Open Data is defined as datasets produced by the public sector and made available to everyone under conditions which allow reuse of the data for any purpose, including commercial purposes. The fundamental provision is Article 52 of the Code of Digital Administration (“CAD”).

In order to be available for the stated purposes, they must have established characteristics regarding quality, usability and – for what we’re concerned with here – legal rights. We shall see below that the legal rights which impede full reusability are those called “sui generis” or “database rights”. Copyright as it is normally understood is almost entirely absent from the picture.

The two alternatives that are proposed, as I have already described with Simone Aliprandi  in the Freegist.net study, are:

  • permissive licenses (“attribution”)
  • waiver

For a better understanding, I refer you to that article and to the guidelines for choice of licences in the Freegis.net.project.

2014 Guidelines

Regarding Open Data, Article 52 of the CAD refers to the definition contained in Article 68 of the CAD, making reference to the national guidelines to be issued, which those who wish to release a dataset as Open Data must conform to:

The Agency establishes and annually updates the national guidelines which identify the technical standards, including the determination of the types of services and data, the procedures and methods for realization of the provisions of Title V of this Code with the goal of making the process standardized, efficient and effective at a national level. Public sector entities as per Article 2, paragraph 2, of this Code shall align themselves with the aforesaid guidelines.

The binding nature of the guidelines thus refers, by regulation, only to the technical part and not (expressly) to the legal part of the guidelines. The 2014 guidelines work to establish a legal framework, and thus they deal – in my opinion correctly – with the subject of the preferred licenses to adopt.  Except that they adopt a choice which is incorrect in my opinion, i.e. they recommend using a Creative Commons ‒ attribution (CC-by). They do this for reasons which I find incredible:

In the end, one must remember that the majority of the data and documents necessary for performing the typical functions of public organizations are not appropriate for application of CC0, given that this involves the release of moral rights which are inalienable, unassignable and non-expiring according to national and European rules.

I have previously broadly criticized the idea according to which there is a moral right to protect here, I think there’s little to add. Actually, no. In the new version of the guidelines, this part has vanished. Apparently someone became aware of the issue, I’m glad, I don’t take credit for it, but I hope I have made a useful contribution to the discussion.

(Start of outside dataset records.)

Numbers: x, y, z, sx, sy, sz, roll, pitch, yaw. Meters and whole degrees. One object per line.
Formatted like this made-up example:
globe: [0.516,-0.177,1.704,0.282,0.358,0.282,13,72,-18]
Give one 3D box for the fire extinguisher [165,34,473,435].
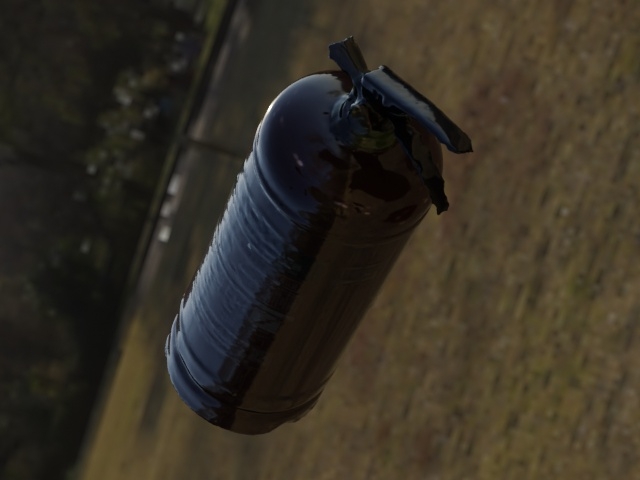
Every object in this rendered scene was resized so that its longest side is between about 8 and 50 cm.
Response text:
fire extinguisher: [0.000,0.000,1.181,0.135,0.114,0.337,54,146,21]
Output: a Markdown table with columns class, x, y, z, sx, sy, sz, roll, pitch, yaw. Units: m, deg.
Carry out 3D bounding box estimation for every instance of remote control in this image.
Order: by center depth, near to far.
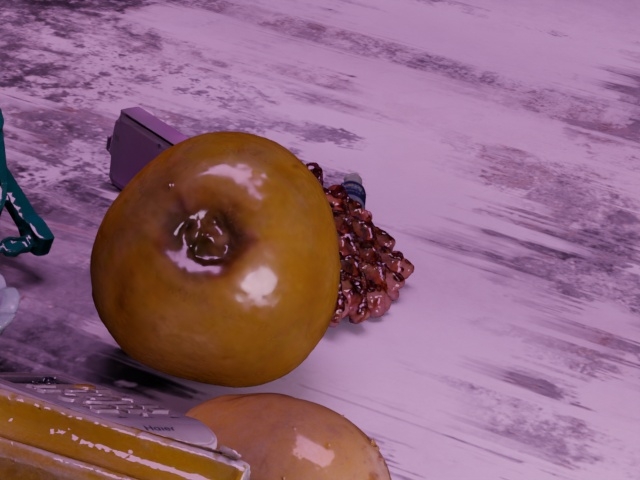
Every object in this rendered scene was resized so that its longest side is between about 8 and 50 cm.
| class | x | y | z | sx | sy | sz | roll | pitch | yaw |
| --- | --- | --- | --- | --- | --- | --- | --- | --- | --- |
| remote control | -0.223 | 0.171 | 1.492 | 0.109 | 0.055 | 0.313 | 5 | 3 | -37 |

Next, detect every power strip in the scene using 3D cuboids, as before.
| class | x | y | z | sx | sy | sz | roll | pitch | yaw |
| --- | --- | --- | --- | --- | --- | --- | --- | --- | --- |
| power strip | -0.179 | -0.075 | 2.003 | 0.037 | 0.109 | 0.279 | -14 | 35 | -40 |

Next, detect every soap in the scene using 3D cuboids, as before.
| class | x | y | z | sx | sy | sz | roll | pitch | yaw |
| --- | --- | --- | --- | --- | --- | --- | --- | --- | --- |
| soap | -0.203 | 0.230 | 1.329 | 0.274 | 0.173 | 0.089 | 14 | 31 | 13 |

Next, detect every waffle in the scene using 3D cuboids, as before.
| class | x | y | z | sx | sy | sz | roll | pitch | yaw |
| --- | --- | --- | --- | --- | --- | --- | --- | --- | --- |
| waffle | 0.000 | 0.000 | 1.883 | 0.234 | 0.055 | 0.221 | 47 | 35 | 7 |

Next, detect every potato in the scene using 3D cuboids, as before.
| class | x | y | z | sx | sy | sz | roll | pitch | yaw |
| --- | --- | --- | --- | --- | --- | --- | --- | --- | --- |
| potato | -0.039 | 0.213 | 1.465 | 0.234 | 0.146 | 0.150 | 25 | 1 | 31 |

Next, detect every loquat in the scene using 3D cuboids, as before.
| class | x | y | z | sx | sy | sz | roll | pitch | yaw |
| --- | --- | --- | --- | --- | --- | --- | --- | --- | --- |
| loquat | -0.103 | 0.028 | 1.668 | 0.275 | 0.274 | 0.275 | 6 | 27 | -3 |

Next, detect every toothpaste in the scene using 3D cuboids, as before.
| class | x | y | z | sx | sy | sz | roll | pitch | yaw |
| --- | --- | --- | --- | --- | --- | --- | --- | --- | --- |
| toothpaste | 0.036 | -0.029 | 2.056 | 0.062 | 0.037 | 0.216 | 10 | 32 | 1 |

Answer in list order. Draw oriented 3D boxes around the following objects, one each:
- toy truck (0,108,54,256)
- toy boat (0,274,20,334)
| class | x | y | z | sx | sy | sz | roll | pitch | yaw |
| --- | --- | --- | --- | --- | --- | --- | --- | --- | --- |
| toy truck | -0.456 | -0.117 | 1.864 | 0.178 | 0.176 | 0.363 | -7 | 55 | -33 |
| toy boat | -0.453 | 0.098 | 1.600 | 0.290 | 0.100 | 0.199 | -3 | 28 | -22 |
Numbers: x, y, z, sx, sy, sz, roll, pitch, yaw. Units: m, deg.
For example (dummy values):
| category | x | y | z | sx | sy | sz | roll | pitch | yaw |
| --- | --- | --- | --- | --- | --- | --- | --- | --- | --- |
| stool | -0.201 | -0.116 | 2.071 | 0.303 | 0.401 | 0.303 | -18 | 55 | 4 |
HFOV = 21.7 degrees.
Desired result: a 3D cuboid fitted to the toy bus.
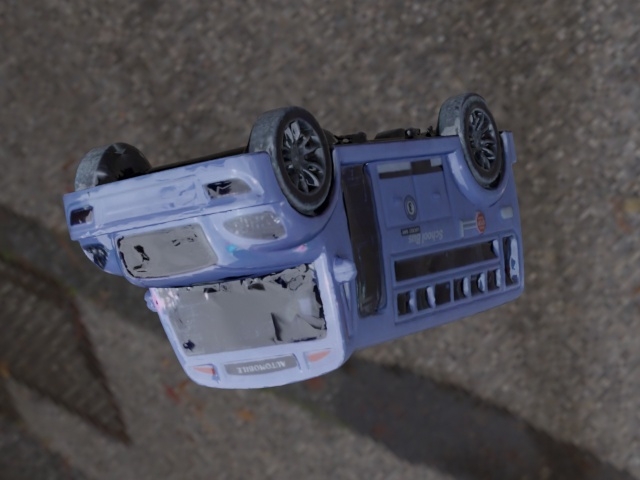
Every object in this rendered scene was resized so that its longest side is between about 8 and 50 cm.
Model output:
| category | x | y | z | sx | sy | sz | roll | pitch | yaw |
| --- | --- | --- | --- | --- | --- | --- | --- | --- | --- |
| toy bus | 0.000 | 0.000 | 0.884 | 0.125 | 0.292 | 0.133 | -11 | 90 | 31 |
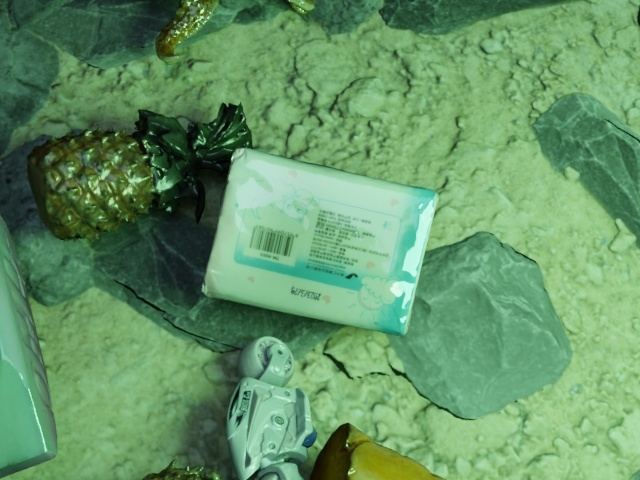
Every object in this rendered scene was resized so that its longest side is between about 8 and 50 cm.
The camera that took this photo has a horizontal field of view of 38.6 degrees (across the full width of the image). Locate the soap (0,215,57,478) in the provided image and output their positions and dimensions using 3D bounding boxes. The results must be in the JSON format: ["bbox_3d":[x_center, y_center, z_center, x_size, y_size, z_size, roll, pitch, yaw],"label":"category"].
[{"bbox_3d":[-0.400,0.122,1.089,0.109,0.193,0.324,-16,70,-10],"label":"soap"}]

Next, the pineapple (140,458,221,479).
[{"bbox_3d":[-0.142,0.339,1.020,0.193,0.166,0.166,19,62,44],"label":"pineapple"}]

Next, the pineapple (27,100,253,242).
[{"bbox_3d":[-0.226,-0.092,1.231,0.310,0.141,0.170,-19,86,-21],"label":"pineapple"}]

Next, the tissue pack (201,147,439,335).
[{"bbox_3d":[-0.001,0.002,1.186,0.271,0.124,0.202,13,86,-1],"label":"tissue pack"}]

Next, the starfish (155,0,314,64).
[{"bbox_3d":[-0.166,-0.411,1.379,0.327,0.094,0.375,22,63,7],"label":"starfish"}]

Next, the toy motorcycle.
[{"bbox_3d":[-0.067,0.228,1.104,0.112,0.112,0.254,-6,54,-7],"label":"toy motorcycle"}]

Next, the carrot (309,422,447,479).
[{"bbox_3d":[0.113,0.341,1.062,0.254,0.196,0.196,20,68,-6],"label":"carrot"}]
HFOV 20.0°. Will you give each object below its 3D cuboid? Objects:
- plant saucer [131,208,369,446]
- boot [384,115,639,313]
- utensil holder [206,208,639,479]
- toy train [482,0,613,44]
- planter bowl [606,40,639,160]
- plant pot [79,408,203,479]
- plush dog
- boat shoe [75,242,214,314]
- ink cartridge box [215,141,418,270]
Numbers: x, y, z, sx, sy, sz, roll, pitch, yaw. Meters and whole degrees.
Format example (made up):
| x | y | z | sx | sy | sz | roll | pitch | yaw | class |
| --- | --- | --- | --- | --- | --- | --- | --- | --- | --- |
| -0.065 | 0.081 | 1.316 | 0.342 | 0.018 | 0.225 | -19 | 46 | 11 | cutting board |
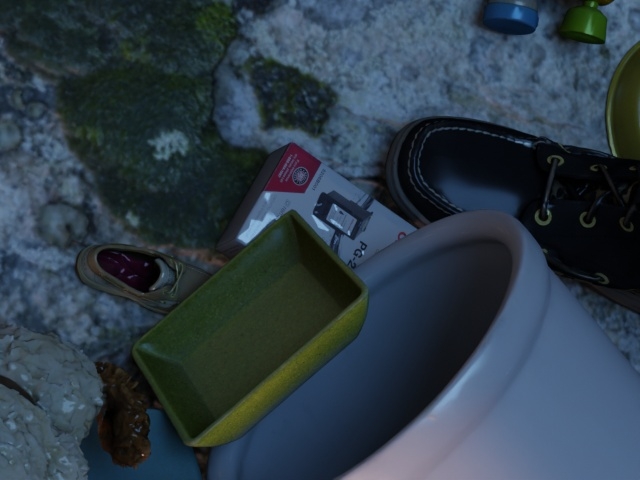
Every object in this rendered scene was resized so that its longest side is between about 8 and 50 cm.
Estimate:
| x | y | z | sx | sy | sz | roll | pitch | yaw | class |
| --- | --- | --- | --- | --- | --- | --- | --- | --- | --- |
| -0.052 | 0.080 | 1.494 | 0.188 | 0.188 | 0.045 | -41 | 119 | -1 | plant saucer |
| 0.275 | -0.037 | 1.628 | 0.377 | 0.284 | 0.138 | 25 | 72 | -18 | boot |
| 0.153 | 0.221 | 1.494 | 0.385 | 0.327 | 0.327 | 47 | 67 | -20 | utensil holder |
| 0.274 | -0.256 | 1.775 | 0.248 | 0.105 | 0.143 | 12 | 87 | -21 | toy train |
| 0.400 | -0.121 | 1.804 | 0.217 | 0.090 | 0.217 | 4 | 79 | -22 | planter bowl |
| -0.178 | 0.256 | 1.452 | 0.165 | 0.166 | 0.234 | 9 | 66 | -23 | plant pot |
| -0.247 | 0.145 | 1.315 | 0.262 | 0.210 | 0.225 | 13 | 36 | 4 | plush dog |
| -0.143 | 0.034 | 1.571 | 0.135 | 0.045 | 0.050 | 12 | 76 | -21 | boat shoe |
| 0.000 | 0.000 | 1.627 | 0.150 | 0.063 | 0.109 | 34 | 70 | -14 | ink cartridge box |

Is that settled then? No. We’re halfway across the bridge.

The 2016/2017 guidelines

The new guidelines continue to recommend the CC-by 4.0 license, although at this point it is in effect expressed more as a recommendation than as an instruction. Although, discussing it with persons involved, it is interpreted as more than that. Reference is made to a holdover of the old reasoning, which dictates, no longer three, but two reasons to choose an attribution:

Regarding the above, keeping in mind the regulatory context in question, the indications on the subject of licenses contained in Commission Notice 2014/C – 240/01 and the principles on the inalienability of goods in the cultural public domain expressed in Articles 10 and 53 of the Code on cultural heritage (Legislative Decree 22 January 2004, n. 42), it is deemed appropriate to refer to a single open license, which guarantees freedom of reuse, which is internationally recognized and which allows for the attribution of datasets’ authorship (source attribution).  Therefore, one suggests the general adoption of the 4.0 version of the CC-BY license, further presupposing the automatic attribution of said license in the case of application of the “Open Data by default” principle, set forth in the provisions contained in Article 52 of the CAD. Regarding the above, keeping in mind the regulatory context in question, the indications on the subject of licenses contained in Commission Notice 2014/C – 240/01 and the principles on the inalienability of goods in the cultural public domain expressed in Articles 10 and 53 of the Code on cultural heritage (Legislative Decree 22 January 2004, n. 42), it is deemed appropriate to refer to a single open license, which guarantees freedom of reuse, which is internationally recognized and which allows for the attribution of datasets’ authorship (source attribution). Therefore, one suggests the general adoption of the 4.0 version of the CC-BY license, further presupposing the automatic attribution of said license in the case of application of the “Open Data by default” principle, set forth in the provisions contained in Article 52 of the CAD. [emphasis added]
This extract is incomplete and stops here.